**Directions for this task**
From the line containing "catch (JCNativeException jcne)" to the end of the listing, write out every line exactly; leave out everything else.

Segment Start: Recorded data

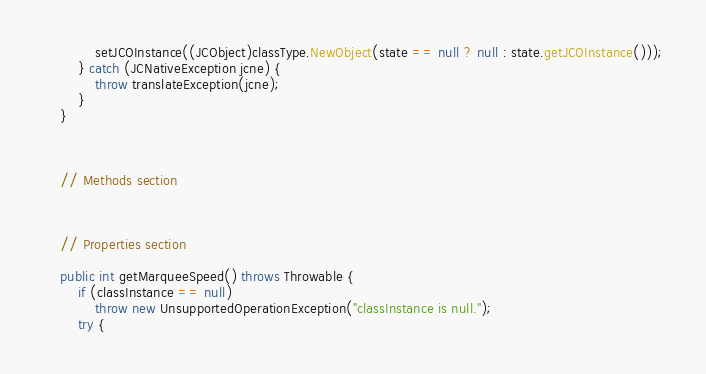<code> <loc_0><loc_0><loc_500><loc_500><_Java_>            setJCOInstance((JCObject)classType.NewObject(state == null ? null : state.getJCOInstance()));
        } catch (JCNativeException jcne) {
            throw translateException(jcne);
        }
    }


    
    // Methods section
    

    
    // Properties section
    
    public int getMarqueeSpeed() throws Throwable {
        if (classInstance == null)
            throw new UnsupportedOperationException("classInstance is null.");
        try {</code>

Segment End: Recorded data

**Answer below**
        } catch (JCNativeException jcne) {
            throw translateException(jcne);
        }
    }


    
    // Methods section
    

    
    // Properties section
    
    public int getMarqueeSpeed() throws Throwable {
        if (classInstance == null)
            throw new UnsupportedOperationException("classInstance is null.");
        try {</code>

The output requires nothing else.